[EXTRACTED ENTRIES Boundary: Start]
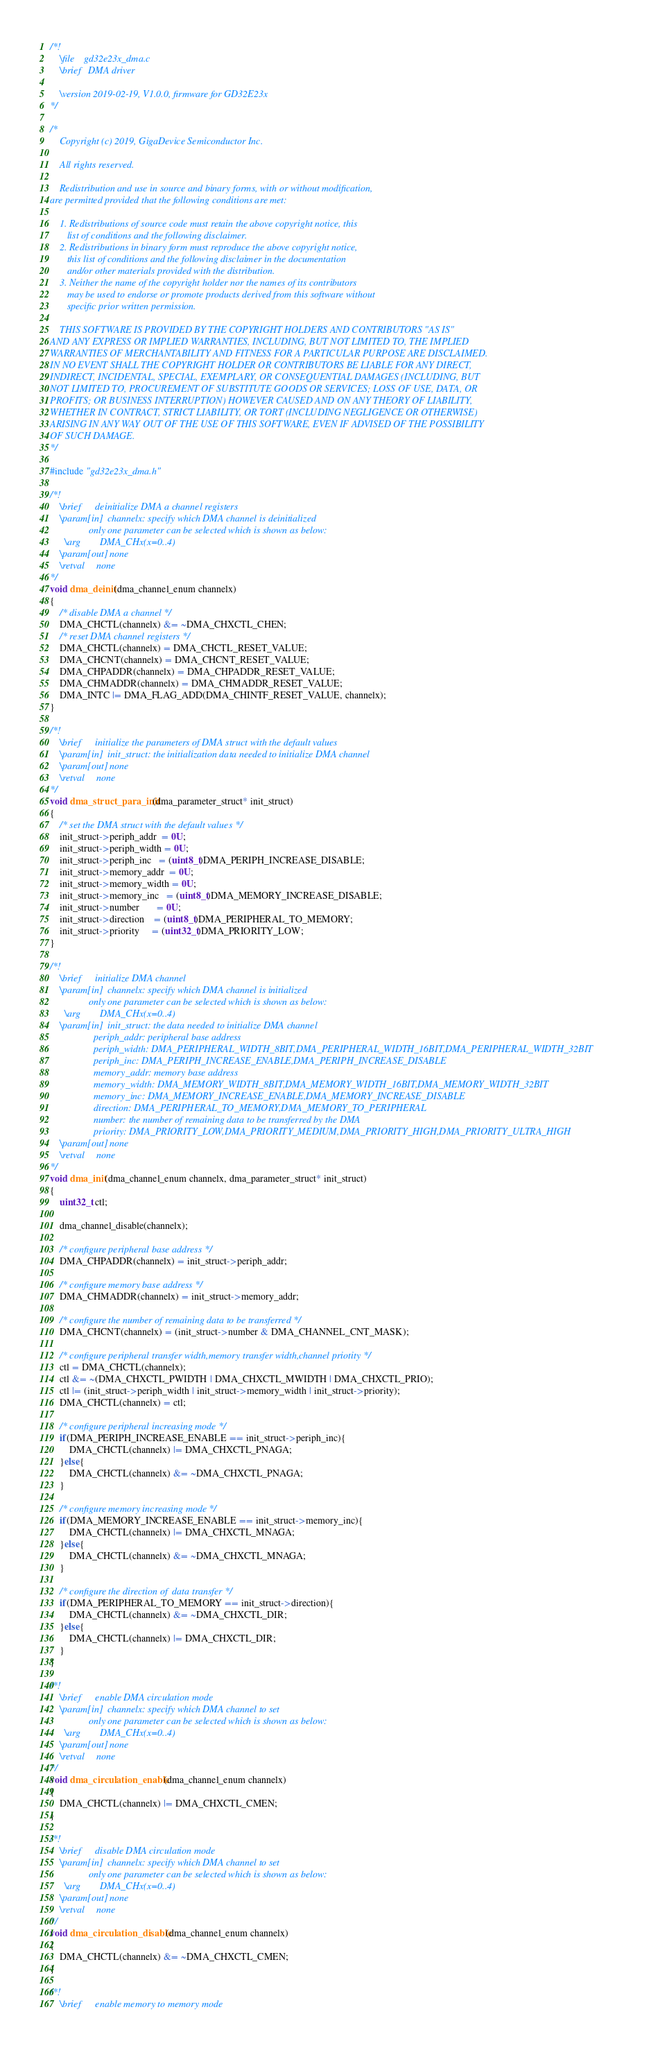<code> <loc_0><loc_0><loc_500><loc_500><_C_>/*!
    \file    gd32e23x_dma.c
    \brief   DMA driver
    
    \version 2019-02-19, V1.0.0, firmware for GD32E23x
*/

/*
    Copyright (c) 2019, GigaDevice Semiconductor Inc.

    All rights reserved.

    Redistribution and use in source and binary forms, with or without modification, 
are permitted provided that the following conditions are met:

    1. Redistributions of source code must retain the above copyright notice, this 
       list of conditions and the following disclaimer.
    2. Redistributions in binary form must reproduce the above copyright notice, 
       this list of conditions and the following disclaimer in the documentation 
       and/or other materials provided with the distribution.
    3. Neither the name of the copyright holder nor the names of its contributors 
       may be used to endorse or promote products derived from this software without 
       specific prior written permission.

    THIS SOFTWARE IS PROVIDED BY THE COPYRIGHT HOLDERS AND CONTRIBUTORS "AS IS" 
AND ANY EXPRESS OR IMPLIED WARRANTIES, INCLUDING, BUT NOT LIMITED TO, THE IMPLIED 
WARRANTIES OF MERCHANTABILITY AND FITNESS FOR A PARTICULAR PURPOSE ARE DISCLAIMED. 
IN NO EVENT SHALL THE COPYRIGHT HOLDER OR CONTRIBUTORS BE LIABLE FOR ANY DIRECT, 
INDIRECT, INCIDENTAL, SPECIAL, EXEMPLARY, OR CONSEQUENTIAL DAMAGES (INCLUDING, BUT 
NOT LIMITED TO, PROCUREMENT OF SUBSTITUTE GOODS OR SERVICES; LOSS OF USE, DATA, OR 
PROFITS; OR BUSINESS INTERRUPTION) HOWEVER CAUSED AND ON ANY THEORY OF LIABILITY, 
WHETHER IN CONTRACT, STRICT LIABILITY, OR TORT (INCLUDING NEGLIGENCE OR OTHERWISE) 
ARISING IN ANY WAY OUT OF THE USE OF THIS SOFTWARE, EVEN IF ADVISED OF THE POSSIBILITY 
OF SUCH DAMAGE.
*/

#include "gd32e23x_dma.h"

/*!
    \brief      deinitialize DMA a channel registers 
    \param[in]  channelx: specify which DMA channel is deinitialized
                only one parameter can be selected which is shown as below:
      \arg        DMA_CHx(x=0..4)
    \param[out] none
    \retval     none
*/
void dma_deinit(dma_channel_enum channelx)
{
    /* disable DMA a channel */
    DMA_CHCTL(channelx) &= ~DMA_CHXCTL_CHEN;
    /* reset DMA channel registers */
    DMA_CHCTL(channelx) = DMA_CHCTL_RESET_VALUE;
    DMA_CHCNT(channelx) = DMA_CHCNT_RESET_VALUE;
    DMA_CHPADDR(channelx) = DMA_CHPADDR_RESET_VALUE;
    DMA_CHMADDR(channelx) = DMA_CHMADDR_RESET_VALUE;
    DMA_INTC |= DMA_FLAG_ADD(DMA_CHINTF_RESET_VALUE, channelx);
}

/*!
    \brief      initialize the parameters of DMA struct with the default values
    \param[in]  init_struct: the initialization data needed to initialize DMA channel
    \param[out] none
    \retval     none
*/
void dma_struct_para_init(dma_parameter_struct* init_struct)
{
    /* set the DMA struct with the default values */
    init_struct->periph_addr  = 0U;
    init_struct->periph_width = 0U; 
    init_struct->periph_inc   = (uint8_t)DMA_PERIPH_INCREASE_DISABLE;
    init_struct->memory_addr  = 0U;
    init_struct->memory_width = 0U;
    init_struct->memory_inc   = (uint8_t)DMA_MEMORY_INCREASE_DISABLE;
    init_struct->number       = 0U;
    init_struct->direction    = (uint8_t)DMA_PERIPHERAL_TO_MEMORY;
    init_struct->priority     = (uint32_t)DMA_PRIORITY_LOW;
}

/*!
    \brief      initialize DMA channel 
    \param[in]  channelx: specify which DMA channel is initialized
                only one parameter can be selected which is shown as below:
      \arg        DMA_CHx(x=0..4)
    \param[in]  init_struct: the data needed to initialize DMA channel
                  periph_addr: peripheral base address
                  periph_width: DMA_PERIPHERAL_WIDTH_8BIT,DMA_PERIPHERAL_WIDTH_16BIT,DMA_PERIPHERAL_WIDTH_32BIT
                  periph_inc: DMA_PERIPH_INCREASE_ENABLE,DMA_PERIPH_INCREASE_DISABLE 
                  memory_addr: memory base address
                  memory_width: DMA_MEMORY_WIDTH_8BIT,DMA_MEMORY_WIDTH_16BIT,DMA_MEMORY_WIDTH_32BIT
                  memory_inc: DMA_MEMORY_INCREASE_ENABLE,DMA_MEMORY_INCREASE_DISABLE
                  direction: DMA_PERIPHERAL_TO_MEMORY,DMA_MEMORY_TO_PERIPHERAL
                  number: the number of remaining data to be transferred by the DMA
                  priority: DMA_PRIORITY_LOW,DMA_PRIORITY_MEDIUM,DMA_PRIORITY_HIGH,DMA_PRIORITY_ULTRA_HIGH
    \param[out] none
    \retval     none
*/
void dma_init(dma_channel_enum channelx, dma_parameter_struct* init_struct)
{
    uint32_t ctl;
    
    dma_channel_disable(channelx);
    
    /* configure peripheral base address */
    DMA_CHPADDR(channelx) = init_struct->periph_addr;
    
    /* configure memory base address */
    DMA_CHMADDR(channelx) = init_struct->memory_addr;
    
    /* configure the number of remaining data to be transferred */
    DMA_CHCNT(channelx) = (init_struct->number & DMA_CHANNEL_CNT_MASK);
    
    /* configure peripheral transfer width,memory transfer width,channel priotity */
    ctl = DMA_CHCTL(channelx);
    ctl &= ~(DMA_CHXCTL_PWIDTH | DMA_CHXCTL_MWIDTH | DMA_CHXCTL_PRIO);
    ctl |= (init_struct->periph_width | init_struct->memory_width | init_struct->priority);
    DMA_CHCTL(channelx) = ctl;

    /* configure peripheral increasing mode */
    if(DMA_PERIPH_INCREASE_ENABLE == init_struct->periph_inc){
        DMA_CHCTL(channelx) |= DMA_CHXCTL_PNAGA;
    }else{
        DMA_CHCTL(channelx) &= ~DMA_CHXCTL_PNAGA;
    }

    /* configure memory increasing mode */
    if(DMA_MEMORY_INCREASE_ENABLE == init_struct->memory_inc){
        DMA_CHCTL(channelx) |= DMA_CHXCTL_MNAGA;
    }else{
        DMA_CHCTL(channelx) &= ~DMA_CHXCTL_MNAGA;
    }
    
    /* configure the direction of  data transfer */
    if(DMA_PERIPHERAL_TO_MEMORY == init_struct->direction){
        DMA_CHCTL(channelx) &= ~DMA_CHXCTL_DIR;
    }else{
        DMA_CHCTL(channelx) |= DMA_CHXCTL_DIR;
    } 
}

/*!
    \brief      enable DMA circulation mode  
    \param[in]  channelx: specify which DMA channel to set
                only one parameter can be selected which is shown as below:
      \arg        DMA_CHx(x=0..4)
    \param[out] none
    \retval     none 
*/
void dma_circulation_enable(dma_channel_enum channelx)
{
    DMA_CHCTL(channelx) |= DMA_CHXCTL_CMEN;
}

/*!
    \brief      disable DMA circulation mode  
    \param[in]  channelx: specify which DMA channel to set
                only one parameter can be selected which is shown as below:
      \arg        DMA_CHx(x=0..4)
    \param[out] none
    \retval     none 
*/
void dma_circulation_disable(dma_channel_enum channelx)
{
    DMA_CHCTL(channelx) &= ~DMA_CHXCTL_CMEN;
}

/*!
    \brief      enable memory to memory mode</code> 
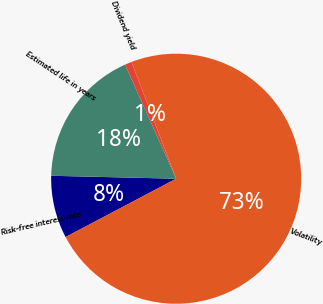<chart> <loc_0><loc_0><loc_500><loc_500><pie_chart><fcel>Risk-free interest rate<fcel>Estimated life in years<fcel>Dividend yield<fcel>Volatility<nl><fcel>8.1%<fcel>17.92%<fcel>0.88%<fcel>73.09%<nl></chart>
[EXTRACTED ENTRIES Boundary: End]
> ASSIGNMENT: Repeat each entry above word for word, leaving every picture out.

> SOLUTION TO THIS TASK:
<code> <loc_0><loc_0><loc_500><loc_500><_C_>/*!
    \file    gd32e23x_dma.c
    \brief   DMA driver
    
    \version 2019-02-19, V1.0.0, firmware for GD32E23x
*/

/*
    Copyright (c) 2019, GigaDevice Semiconductor Inc.

    All rights reserved.

    Redistribution and use in source and binary forms, with or without modification, 
are permitted provided that the following conditions are met:

    1. Redistributions of source code must retain the above copyright notice, this 
       list of conditions and the following disclaimer.
    2. Redistributions in binary form must reproduce the above copyright notice, 
       this list of conditions and the following disclaimer in the documentation 
       and/or other materials provided with the distribution.
    3. Neither the name of the copyright holder nor the names of its contributors 
       may be used to endorse or promote products derived from this software without 
       specific prior written permission.

    THIS SOFTWARE IS PROVIDED BY THE COPYRIGHT HOLDERS AND CONTRIBUTORS "AS IS" 
AND ANY EXPRESS OR IMPLIED WARRANTIES, INCLUDING, BUT NOT LIMITED TO, THE IMPLIED 
WARRANTIES OF MERCHANTABILITY AND FITNESS FOR A PARTICULAR PURPOSE ARE DISCLAIMED. 
IN NO EVENT SHALL THE COPYRIGHT HOLDER OR CONTRIBUTORS BE LIABLE FOR ANY DIRECT, 
INDIRECT, INCIDENTAL, SPECIAL, EXEMPLARY, OR CONSEQUENTIAL DAMAGES (INCLUDING, BUT 
NOT LIMITED TO, PROCUREMENT OF SUBSTITUTE GOODS OR SERVICES; LOSS OF USE, DATA, OR 
PROFITS; OR BUSINESS INTERRUPTION) HOWEVER CAUSED AND ON ANY THEORY OF LIABILITY, 
WHETHER IN CONTRACT, STRICT LIABILITY, OR TORT (INCLUDING NEGLIGENCE OR OTHERWISE) 
ARISING IN ANY WAY OUT OF THE USE OF THIS SOFTWARE, EVEN IF ADVISED OF THE POSSIBILITY 
OF SUCH DAMAGE.
*/

#include "gd32e23x_dma.h"

/*!
    \brief      deinitialize DMA a channel registers 
    \param[in]  channelx: specify which DMA channel is deinitialized
                only one parameter can be selected which is shown as below:
      \arg        DMA_CHx(x=0..4)
    \param[out] none
    \retval     none
*/
void dma_deinit(dma_channel_enum channelx)
{
    /* disable DMA a channel */
    DMA_CHCTL(channelx) &= ~DMA_CHXCTL_CHEN;
    /* reset DMA channel registers */
    DMA_CHCTL(channelx) = DMA_CHCTL_RESET_VALUE;
    DMA_CHCNT(channelx) = DMA_CHCNT_RESET_VALUE;
    DMA_CHPADDR(channelx) = DMA_CHPADDR_RESET_VALUE;
    DMA_CHMADDR(channelx) = DMA_CHMADDR_RESET_VALUE;
    DMA_INTC |= DMA_FLAG_ADD(DMA_CHINTF_RESET_VALUE, channelx);
}

/*!
    \brief      initialize the parameters of DMA struct with the default values
    \param[in]  init_struct: the initialization data needed to initialize DMA channel
    \param[out] none
    \retval     none
*/
void dma_struct_para_init(dma_parameter_struct* init_struct)
{
    /* set the DMA struct with the default values */
    init_struct->periph_addr  = 0U;
    init_struct->periph_width = 0U; 
    init_struct->periph_inc   = (uint8_t)DMA_PERIPH_INCREASE_DISABLE;
    init_struct->memory_addr  = 0U;
    init_struct->memory_width = 0U;
    init_struct->memory_inc   = (uint8_t)DMA_MEMORY_INCREASE_DISABLE;
    init_struct->number       = 0U;
    init_struct->direction    = (uint8_t)DMA_PERIPHERAL_TO_MEMORY;
    init_struct->priority     = (uint32_t)DMA_PRIORITY_LOW;
}

/*!
    \brief      initialize DMA channel 
    \param[in]  channelx: specify which DMA channel is initialized
                only one parameter can be selected which is shown as below:
      \arg        DMA_CHx(x=0..4)
    \param[in]  init_struct: the data needed to initialize DMA channel
                  periph_addr: peripheral base address
                  periph_width: DMA_PERIPHERAL_WIDTH_8BIT,DMA_PERIPHERAL_WIDTH_16BIT,DMA_PERIPHERAL_WIDTH_32BIT
                  periph_inc: DMA_PERIPH_INCREASE_ENABLE,DMA_PERIPH_INCREASE_DISABLE 
                  memory_addr: memory base address
                  memory_width: DMA_MEMORY_WIDTH_8BIT,DMA_MEMORY_WIDTH_16BIT,DMA_MEMORY_WIDTH_32BIT
                  memory_inc: DMA_MEMORY_INCREASE_ENABLE,DMA_MEMORY_INCREASE_DISABLE
                  direction: DMA_PERIPHERAL_TO_MEMORY,DMA_MEMORY_TO_PERIPHERAL
                  number: the number of remaining data to be transferred by the DMA
                  priority: DMA_PRIORITY_LOW,DMA_PRIORITY_MEDIUM,DMA_PRIORITY_HIGH,DMA_PRIORITY_ULTRA_HIGH
    \param[out] none
    \retval     none
*/
void dma_init(dma_channel_enum channelx, dma_parameter_struct* init_struct)
{
    uint32_t ctl;
    
    dma_channel_disable(channelx);
    
    /* configure peripheral base address */
    DMA_CHPADDR(channelx) = init_struct->periph_addr;
    
    /* configure memory base address */
    DMA_CHMADDR(channelx) = init_struct->memory_addr;
    
    /* configure the number of remaining data to be transferred */
    DMA_CHCNT(channelx) = (init_struct->number & DMA_CHANNEL_CNT_MASK);
    
    /* configure peripheral transfer width,memory transfer width,channel priotity */
    ctl = DMA_CHCTL(channelx);
    ctl &= ~(DMA_CHXCTL_PWIDTH | DMA_CHXCTL_MWIDTH | DMA_CHXCTL_PRIO);
    ctl |= (init_struct->periph_width | init_struct->memory_width | init_struct->priority);
    DMA_CHCTL(channelx) = ctl;

    /* configure peripheral increasing mode */
    if(DMA_PERIPH_INCREASE_ENABLE == init_struct->periph_inc){
        DMA_CHCTL(channelx) |= DMA_CHXCTL_PNAGA;
    }else{
        DMA_CHCTL(channelx) &= ~DMA_CHXCTL_PNAGA;
    }

    /* configure memory increasing mode */
    if(DMA_MEMORY_INCREASE_ENABLE == init_struct->memory_inc){
        DMA_CHCTL(channelx) |= DMA_CHXCTL_MNAGA;
    }else{
        DMA_CHCTL(channelx) &= ~DMA_CHXCTL_MNAGA;
    }
    
    /* configure the direction of  data transfer */
    if(DMA_PERIPHERAL_TO_MEMORY == init_struct->direction){
        DMA_CHCTL(channelx) &= ~DMA_CHXCTL_DIR;
    }else{
        DMA_CHCTL(channelx) |= DMA_CHXCTL_DIR;
    } 
}

/*!
    \brief      enable DMA circulation mode  
    \param[in]  channelx: specify which DMA channel to set
                only one parameter can be selected which is shown as below:
      \arg        DMA_CHx(x=0..4)
    \param[out] none
    \retval     none 
*/
void dma_circulation_enable(dma_channel_enum channelx)
{
    DMA_CHCTL(channelx) |= DMA_CHXCTL_CMEN;
}

/*!
    \brief      disable DMA circulation mode  
    \param[in]  channelx: specify which DMA channel to set
                only one parameter can be selected which is shown as below:
      \arg        DMA_CHx(x=0..4)
    \param[out] none
    \retval     none 
*/
void dma_circulation_disable(dma_channel_enum channelx)
{
    DMA_CHCTL(channelx) &= ~DMA_CHXCTL_CMEN;
}

/*!
    \brief      enable memory to memory mode</code> 
<chart> <loc_0><loc_0><loc_500><loc_500><pie_chart><fcel>Risk-free interest rate<fcel>Estimated life in years<fcel>Dividend yield<fcel>Volatility<nl><fcel>8.1%<fcel>17.92%<fcel>0.88%<fcel>73.09%<nl></chart>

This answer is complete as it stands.